[Start of Attachment]
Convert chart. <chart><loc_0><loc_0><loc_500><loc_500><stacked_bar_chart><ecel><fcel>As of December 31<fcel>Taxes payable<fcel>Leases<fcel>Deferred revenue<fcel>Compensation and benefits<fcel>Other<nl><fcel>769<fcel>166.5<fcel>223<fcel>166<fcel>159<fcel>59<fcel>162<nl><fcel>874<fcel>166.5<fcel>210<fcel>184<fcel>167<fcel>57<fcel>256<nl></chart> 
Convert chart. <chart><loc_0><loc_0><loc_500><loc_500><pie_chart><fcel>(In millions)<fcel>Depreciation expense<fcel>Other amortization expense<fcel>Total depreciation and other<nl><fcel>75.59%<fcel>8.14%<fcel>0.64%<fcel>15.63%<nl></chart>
[End of Attachment]
[Start of Attachment]
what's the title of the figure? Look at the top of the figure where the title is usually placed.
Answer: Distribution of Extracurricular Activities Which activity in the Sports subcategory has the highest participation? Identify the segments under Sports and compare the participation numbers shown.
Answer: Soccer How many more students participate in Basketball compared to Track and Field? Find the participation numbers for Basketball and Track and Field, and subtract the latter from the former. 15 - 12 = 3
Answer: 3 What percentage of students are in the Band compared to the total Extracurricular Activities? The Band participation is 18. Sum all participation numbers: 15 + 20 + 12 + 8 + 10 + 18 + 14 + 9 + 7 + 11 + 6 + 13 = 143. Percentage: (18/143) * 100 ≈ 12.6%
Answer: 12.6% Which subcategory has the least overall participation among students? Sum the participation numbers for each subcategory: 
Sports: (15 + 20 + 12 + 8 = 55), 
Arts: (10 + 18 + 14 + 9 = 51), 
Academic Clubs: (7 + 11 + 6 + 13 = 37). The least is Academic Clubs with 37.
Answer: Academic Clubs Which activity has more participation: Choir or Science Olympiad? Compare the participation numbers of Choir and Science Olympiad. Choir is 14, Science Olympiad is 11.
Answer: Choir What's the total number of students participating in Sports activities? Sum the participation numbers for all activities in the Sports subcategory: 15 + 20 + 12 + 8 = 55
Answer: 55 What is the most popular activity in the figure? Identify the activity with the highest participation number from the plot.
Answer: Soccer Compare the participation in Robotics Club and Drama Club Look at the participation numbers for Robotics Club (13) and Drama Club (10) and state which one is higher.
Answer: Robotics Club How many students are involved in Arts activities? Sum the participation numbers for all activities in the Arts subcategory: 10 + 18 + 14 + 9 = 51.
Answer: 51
[End of Attachment]
[Start of Attachment]
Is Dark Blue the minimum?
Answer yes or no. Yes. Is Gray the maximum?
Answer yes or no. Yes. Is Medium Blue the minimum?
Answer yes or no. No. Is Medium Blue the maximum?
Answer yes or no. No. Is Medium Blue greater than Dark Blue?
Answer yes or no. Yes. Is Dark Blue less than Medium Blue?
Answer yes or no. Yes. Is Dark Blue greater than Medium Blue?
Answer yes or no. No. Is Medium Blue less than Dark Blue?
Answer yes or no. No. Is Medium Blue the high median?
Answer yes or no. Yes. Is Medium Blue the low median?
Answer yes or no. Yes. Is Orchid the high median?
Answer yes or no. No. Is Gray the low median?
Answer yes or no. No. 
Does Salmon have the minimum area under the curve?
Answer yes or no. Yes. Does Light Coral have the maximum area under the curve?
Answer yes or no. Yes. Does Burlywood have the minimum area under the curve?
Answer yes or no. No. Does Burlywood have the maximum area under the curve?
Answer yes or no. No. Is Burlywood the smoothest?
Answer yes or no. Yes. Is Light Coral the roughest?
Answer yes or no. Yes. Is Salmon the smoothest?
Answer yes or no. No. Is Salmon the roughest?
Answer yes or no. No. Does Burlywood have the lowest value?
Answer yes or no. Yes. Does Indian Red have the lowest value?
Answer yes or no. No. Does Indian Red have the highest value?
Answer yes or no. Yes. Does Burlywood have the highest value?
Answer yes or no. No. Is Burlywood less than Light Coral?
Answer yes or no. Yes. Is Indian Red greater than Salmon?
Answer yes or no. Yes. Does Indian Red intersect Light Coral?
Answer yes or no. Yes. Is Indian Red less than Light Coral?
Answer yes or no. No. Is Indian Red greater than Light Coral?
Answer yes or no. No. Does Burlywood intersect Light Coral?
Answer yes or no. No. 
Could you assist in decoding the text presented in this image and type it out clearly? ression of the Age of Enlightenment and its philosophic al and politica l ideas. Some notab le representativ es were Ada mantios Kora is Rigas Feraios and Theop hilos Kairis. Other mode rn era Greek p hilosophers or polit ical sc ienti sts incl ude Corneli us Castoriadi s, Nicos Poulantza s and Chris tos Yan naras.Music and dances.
[End of Attachment]
• Task description: What are the lines, exactly as written above, from the line with "Answer yes or no. Yes. Is Light" to the line with "Could you assist", both included? Output only those.

• Exercise result:
Answer yes or no. Yes. Is Light Coral the roughest?
Answer yes or no. Yes. Is Salmon the smoothest?
Answer yes or no. No. Is Salmon the roughest?
Answer yes or no. No. Does Burlywood have the lowest value?
Answer yes or no. Yes. Does Indian Red have the lowest value?
Answer yes or no. No. Does Indian Red have the highest value?
Answer yes or no. Yes. Does Burlywood have the highest value?
Answer yes or no. No. Is Burlywood less than Light Coral?
Answer yes or no. Yes. Is Indian Red greater than Salmon?
Answer yes or no. Yes. Does Indian Red intersect Light Coral?
Answer yes or no. Yes. Is Indian Red less than Light Coral?
Answer yes or no. No. Is Indian Red greater than Light Coral?
Answer yes or no. No. Does Burlywood intersect Light Coral?
Answer yes or no. No. 
Could you assist in decoding the text presented in this image and type it out clearly? ression of the Age of Enlightenment and its philosophic al and politica l ideas. Some notab le representativ es were Ada mantios Kora is Rigas Feraios and Theop hilos Kairis. Other mode rn era Greek p hilosophers or polit ical sc ienti sts incl ude Corneli us Castoriadi s, Nicos Poulantza s and Chris tos Yan naras.Music and dances.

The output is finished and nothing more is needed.